1. A halogen-free flame-retardant heat-shrinkable tube comprising: an outer layer mainly made of polyolefin resin blended at the ratio of 100 parts by weight of a polyolefin resin and 100 to 250 parts by weight of metal hydroxide or metal hydroxide that is surface-treated with a silane coupling agent; and an inner layer mainly made of polyolefin resin blended at the ratio of 100 parts by weight of a polyolefin resin and 100 to 250 parts by weight of metal hydroxide which is surface-treated with an anionic surface-active agent, wherein the thickness of the outer layer is 50% or less of the total thickness of the tube.

2. A halogen-free flame-retardant heat-shrinkable tube according to claim 1, wherein the metal hydroxide is magnesium hydroxide.

3. A halogen-free flame-retardant heat-shrinkable tube according to claim 1 or 2, wherein the shrinkage ratio is 1.5 or more at a heating temperature of 150° C. and a heating time of 10 minutes.

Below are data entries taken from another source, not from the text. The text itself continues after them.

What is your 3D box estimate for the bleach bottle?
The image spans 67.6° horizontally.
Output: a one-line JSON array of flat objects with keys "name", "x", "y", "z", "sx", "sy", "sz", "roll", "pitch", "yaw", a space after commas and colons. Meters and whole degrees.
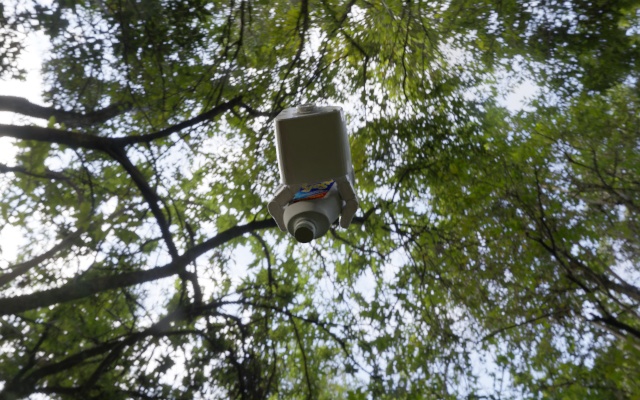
[{"name": "bleach bottle", "x": 0.000, "y": 0.003, "z": 0.805, "sx": 0.102, "sy": 0.068, "sz": 0.250, "roll": -4, "pitch": 22, "yaw": 9}]
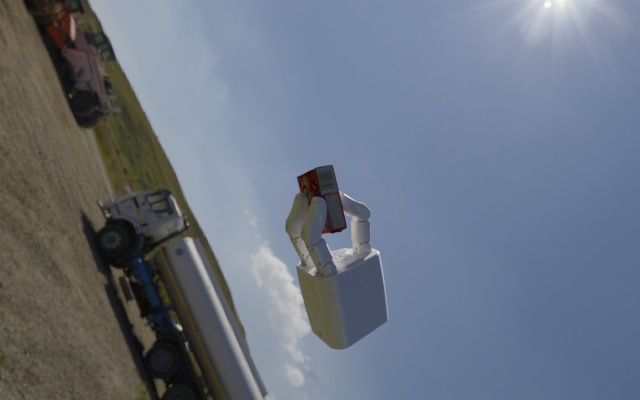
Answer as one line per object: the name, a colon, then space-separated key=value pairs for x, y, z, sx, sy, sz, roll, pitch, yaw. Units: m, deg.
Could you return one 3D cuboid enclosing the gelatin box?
gelatin box: x=0.000 y=0.002 z=0.651 sx=0.030 sy=0.089 sz=0.073 roll=-12 pitch=-2 yaw=-22
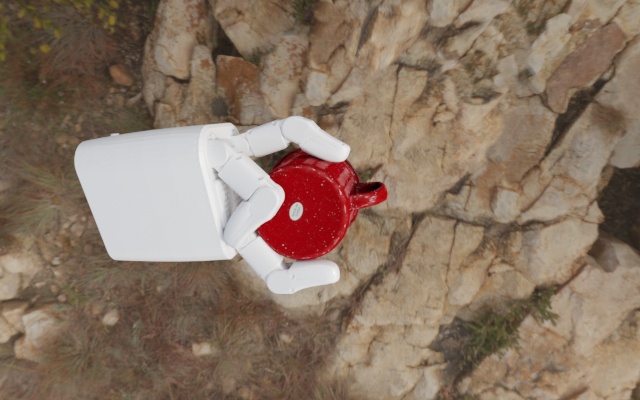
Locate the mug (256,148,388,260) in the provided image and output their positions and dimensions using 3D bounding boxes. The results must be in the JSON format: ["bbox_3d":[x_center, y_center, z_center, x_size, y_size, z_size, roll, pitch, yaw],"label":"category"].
[{"bbox_3d":[0.001,0.001,0.417,0.117,0.093,0.081,-5,12,9],"label":"mug"}]
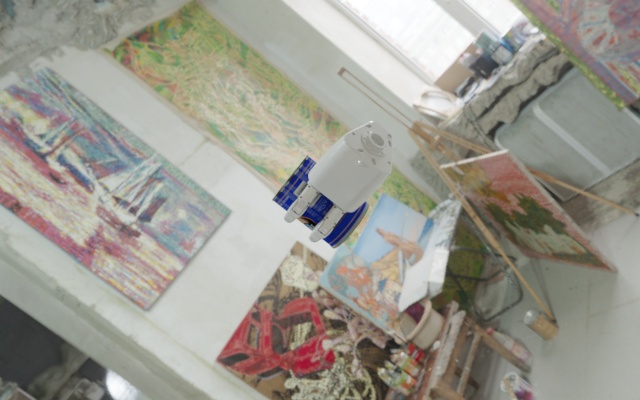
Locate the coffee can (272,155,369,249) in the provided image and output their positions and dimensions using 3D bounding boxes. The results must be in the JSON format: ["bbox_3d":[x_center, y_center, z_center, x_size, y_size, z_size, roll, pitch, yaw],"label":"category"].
[{"bbox_3d":[0.000,0.003,0.846,0.140,0.103,0.103,38,-4,-6],"label":"coffee can"}]
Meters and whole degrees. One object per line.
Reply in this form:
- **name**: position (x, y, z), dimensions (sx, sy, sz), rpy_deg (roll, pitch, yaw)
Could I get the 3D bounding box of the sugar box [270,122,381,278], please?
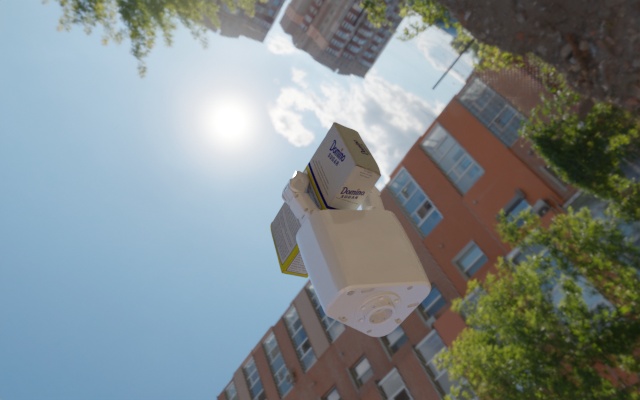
- **sugar box**: position (0.001, 0.002, 0.590), dimensions (0.048, 0.176, 0.093), rpy_deg (18, 32, -31)
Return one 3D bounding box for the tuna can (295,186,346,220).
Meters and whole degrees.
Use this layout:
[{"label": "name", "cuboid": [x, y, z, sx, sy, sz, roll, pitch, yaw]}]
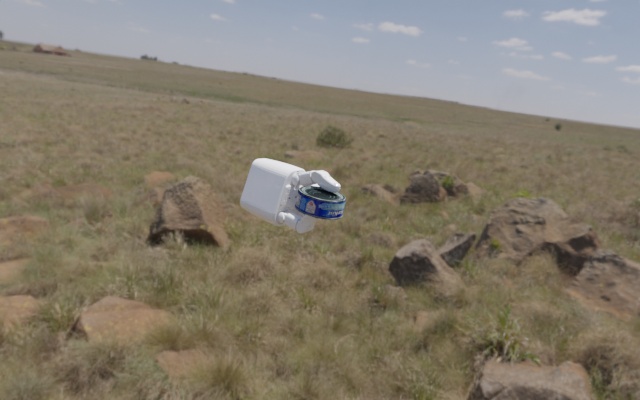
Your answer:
[{"label": "tuna can", "cuboid": [0.000, 0.002, 0.829, 0.086, 0.034, 0.086, 11, 16, -3]}]

4. A method for making the flame-retardant heat-shrinkable tube according to claim 1, comprising the steps of: separately preparing a compound for making the outer layer and a compound for making the inner layer; pelletizing the compounds to make outer-layer pellets and inner-layer pellets, respectively; forming the inner-layer and outer-layer pellets into a dual wall tube by a melt-extruding process; subjecting the resulting dual wall tube to ionizing-radiation crosslinking; and heat expanding the resulting dual wall tube.